Зарвалась девонька! Рано в позу стала. Нечего было хвастать, язык распускать: что и как. Она, значит, желает гулять сама по себе, а муж должен отвести глаза и терпеливо ждать в сторонке. Пока не свиснут – потрепать за холку и кусочком одарить… А раз ценила себя выше – нечего голову мужику морочить. Торгуй лицом по ресторанам!
Можно было и сойтись, – прощать тоже благо. Тем более в зрелом возрасте. Молодость наивна: трах-бах, прыг-скок, трали-вали, а когда желудок стоит чаще достоинства, а того и вовсе – объедки, приходит понимание. Мудрость, чуткость вовремя не проявили – всё, значит, навсегда. Расстояние в зрелости – решающий фактор.
Дурак он. Тупица. Из тех, которых опыт не научит. Умному – и синяка хватит, дураку – семью дубинами не помочь. С неё, что за спрос? Баба. Ну подгуляла – с кем не бывает? Плюнь на портрет и забудь, либо дай в глаз – и вся недолга. А он – дурак. Нашёл мымру… Худая, что жердь, ещё и рыжая. Прежняя, напротив, как расстались, – похорошела, расцвела. Весь город за ней падал, ноги мыли, – какая женщина! А он – выкинул…
Умом раскинуть, с целью подойти – какая пара получилась бы… Вода с цементом! У него – основательность, усидчивость, и голова шурупала. Логика – железная, путь краткий найти, единственно правильный – тоже за ним. И у нее – способности. Там улыбнуться, тому подмигнуть, с той пройтись, здесь надерзить, где-то оказаться вовремя… Глядишь имя сколотили, знакомствами обросли: всюду свои, на виду, на слуху. Где-то были, что-то отхватили, кто-то и помог бы: фактор личного знакомства! А есть знакомства – можно рисковать. Пыль в глаза, кивки да ссылки, обязательства на шашлычок. И дела, дела, дела!

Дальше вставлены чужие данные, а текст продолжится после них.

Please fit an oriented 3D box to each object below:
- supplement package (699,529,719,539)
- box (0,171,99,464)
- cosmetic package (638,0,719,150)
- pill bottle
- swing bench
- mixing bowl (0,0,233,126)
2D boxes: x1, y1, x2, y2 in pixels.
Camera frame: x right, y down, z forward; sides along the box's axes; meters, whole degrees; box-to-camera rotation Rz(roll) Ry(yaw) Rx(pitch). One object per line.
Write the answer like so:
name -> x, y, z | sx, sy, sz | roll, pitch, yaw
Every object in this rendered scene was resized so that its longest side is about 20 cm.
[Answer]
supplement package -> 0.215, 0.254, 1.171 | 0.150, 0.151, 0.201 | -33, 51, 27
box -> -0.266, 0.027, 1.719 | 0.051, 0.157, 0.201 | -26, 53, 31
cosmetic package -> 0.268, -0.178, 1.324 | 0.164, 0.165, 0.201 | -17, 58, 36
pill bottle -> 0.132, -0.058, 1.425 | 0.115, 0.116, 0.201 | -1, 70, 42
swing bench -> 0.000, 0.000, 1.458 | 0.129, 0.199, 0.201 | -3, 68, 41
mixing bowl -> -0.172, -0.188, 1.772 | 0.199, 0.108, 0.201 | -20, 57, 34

Да. Половинку трудно подобрать. Идеал – в учебнике. Хочешь мужа путевого – учись, жену порядочную – закрой бутылку и работай. И уважать ближнего, и блюсти себя, и жить по совести. Доброе имя подобно храму, – годами строится, а потерять его, сжечь себя – в одно мгновение.
И ведь созданы были друг для друга, и – вот оно как… Глупо всё, как сама жизнь. И бессмысленно, подумать. А ничего ведь не изменишь. Ни-че-го.